Start of Block

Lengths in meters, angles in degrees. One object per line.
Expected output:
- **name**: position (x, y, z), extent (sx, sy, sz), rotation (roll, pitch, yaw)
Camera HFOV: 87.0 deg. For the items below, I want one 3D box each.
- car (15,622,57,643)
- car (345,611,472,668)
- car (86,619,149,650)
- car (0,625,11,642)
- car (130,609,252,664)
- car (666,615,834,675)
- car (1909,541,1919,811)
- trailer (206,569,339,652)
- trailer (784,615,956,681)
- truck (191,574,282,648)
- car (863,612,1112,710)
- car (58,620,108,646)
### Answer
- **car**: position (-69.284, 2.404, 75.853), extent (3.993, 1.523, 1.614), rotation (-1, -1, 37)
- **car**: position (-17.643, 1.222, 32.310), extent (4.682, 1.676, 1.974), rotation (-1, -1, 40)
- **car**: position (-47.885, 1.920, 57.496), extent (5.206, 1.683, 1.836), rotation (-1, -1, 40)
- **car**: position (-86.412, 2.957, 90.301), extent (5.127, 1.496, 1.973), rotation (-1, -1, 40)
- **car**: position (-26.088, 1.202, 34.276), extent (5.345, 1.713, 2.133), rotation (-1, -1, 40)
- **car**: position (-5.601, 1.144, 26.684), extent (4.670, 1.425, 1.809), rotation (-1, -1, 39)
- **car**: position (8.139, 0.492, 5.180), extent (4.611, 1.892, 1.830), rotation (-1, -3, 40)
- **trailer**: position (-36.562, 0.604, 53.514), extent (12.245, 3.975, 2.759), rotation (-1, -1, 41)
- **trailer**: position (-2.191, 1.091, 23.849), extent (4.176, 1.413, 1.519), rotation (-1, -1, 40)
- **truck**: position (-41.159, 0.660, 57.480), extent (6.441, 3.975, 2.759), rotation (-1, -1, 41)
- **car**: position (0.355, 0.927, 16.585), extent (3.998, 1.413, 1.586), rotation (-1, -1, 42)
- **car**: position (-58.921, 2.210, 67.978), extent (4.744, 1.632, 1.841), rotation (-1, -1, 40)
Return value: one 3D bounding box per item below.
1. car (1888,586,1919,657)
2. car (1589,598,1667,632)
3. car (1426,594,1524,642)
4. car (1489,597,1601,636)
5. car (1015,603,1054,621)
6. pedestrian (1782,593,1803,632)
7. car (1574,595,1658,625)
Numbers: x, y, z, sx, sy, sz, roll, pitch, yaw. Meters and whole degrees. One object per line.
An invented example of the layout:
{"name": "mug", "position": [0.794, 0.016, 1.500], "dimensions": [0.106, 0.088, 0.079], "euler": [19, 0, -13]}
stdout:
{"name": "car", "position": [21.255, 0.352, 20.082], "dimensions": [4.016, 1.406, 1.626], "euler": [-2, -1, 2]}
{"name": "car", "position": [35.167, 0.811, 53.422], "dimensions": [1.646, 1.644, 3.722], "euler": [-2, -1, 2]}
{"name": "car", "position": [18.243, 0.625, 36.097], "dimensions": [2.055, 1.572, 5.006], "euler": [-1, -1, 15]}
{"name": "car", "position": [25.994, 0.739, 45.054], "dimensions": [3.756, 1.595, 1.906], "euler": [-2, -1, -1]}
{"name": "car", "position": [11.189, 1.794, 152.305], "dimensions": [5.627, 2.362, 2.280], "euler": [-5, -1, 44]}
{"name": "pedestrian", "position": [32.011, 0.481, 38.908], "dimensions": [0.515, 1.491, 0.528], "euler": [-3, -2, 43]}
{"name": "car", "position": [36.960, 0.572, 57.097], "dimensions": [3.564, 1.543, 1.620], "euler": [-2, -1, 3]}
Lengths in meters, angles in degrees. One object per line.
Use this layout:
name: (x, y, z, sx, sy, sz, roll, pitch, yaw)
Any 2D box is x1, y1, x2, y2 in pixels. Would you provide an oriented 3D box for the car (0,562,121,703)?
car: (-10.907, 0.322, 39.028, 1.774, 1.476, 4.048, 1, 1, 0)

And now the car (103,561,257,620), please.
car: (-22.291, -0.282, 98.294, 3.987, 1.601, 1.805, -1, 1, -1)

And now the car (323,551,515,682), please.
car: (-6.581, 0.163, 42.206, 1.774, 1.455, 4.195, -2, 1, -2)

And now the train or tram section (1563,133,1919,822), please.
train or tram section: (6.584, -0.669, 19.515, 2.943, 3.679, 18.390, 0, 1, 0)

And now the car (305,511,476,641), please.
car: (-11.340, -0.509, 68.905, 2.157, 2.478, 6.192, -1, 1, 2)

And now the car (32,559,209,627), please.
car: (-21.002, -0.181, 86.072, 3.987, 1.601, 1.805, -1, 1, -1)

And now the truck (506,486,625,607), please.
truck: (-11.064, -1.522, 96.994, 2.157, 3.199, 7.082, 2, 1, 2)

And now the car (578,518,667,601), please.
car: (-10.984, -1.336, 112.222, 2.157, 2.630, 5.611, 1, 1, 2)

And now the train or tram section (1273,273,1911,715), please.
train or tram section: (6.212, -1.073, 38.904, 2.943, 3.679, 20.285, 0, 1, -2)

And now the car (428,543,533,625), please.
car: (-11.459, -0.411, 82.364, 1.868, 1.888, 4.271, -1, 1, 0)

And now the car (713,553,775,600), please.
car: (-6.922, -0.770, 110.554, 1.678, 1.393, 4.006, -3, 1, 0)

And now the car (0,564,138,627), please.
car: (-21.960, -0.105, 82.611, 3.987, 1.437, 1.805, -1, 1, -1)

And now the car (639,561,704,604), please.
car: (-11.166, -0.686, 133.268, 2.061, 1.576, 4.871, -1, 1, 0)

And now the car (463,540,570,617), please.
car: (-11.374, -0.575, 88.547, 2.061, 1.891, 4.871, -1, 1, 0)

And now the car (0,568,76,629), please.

End of Block

WHAT YOU ARE ASKED TO DO
An exact transcription of the lines from the start of the listing through the line bearing "An invented example" is the whole answer.

RESULT FOR THIS EXERCISE
Lengths in meters, angles in degrees. One object per line.
Expected output:
- **name**: position (x, y, z), extent (sx, sy, sz), rotation (roll, pitch, yaw)
Camera HFOV: 87.0 deg. For the items below, I want one 3D box each.
- car (15,622,57,643)
- car (345,611,472,668)
- car (86,619,149,650)
- car (0,625,11,642)
- car (130,609,252,664)
- car (666,615,834,675)
- car (1909,541,1919,811)
- trailer (206,569,339,652)
- trailer (784,615,956,681)
- truck (191,574,282,648)
- car (863,612,1112,710)
- car (58,620,108,646)
### Answer
- **car**: position (-69.284, 2.404, 75.853), extent (3.993, 1.523, 1.614), rotation (-1, -1, 37)
- **car**: position (-17.643, 1.222, 32.310), extent (4.682, 1.676, 1.974), rotation (-1, -1, 40)
- **car**: position (-47.885, 1.920, 57.496), extent (5.206, 1.683, 1.836), rotation (-1, -1, 40)
- **car**: position (-86.412, 2.957, 90.301), extent (5.127, 1.496, 1.973), rotation (-1, -1, 40)
- **car**: position (-26.088, 1.202, 34.276), extent (5.345, 1.713, 2.133), rotation (-1, -1, 40)
- **car**: position (-5.601, 1.144, 26.684), extent (4.670, 1.425, 1.809), rotation (-1, -1, 39)
- **car**: position (8.139, 0.492, 5.180), extent (4.611, 1.892, 1.830), rotation (-1, -3, 40)
- **trailer**: position (-36.562, 0.604, 53.514), extent (12.245, 3.975, 2.759), rotation (-1, -1, 41)
- **trailer**: position (-2.191, 1.091, 23.849), extent (4.176, 1.413, 1.519), rotation (-1, -1, 40)
- **truck**: position (-41.159, 0.660, 57.480), extent (6.441, 3.975, 2.759), rotation (-1, -1, 41)
- **car**: position (0.355, 0.927, 16.585), extent (3.998, 1.413, 1.586), rotation (-1, -1, 42)
- **car**: position (-58.921, 2.210, 67.978), extent (4.744, 1.632, 1.841), rotation (-1, -1, 40)
Return value: one 3D bounding box per item below.
1. car (1888,586,1919,657)
2. car (1589,598,1667,632)
3. car (1426,594,1524,642)
4. car (1489,597,1601,636)
5. car (1015,603,1054,621)
6. pedestrian (1782,593,1803,632)
7. car (1574,595,1658,625)
Numbers: x, y, z, sx, sy, sz, roll, pitch, yaw. Meters and whole degrees. One object per line.
An invented example of the layout:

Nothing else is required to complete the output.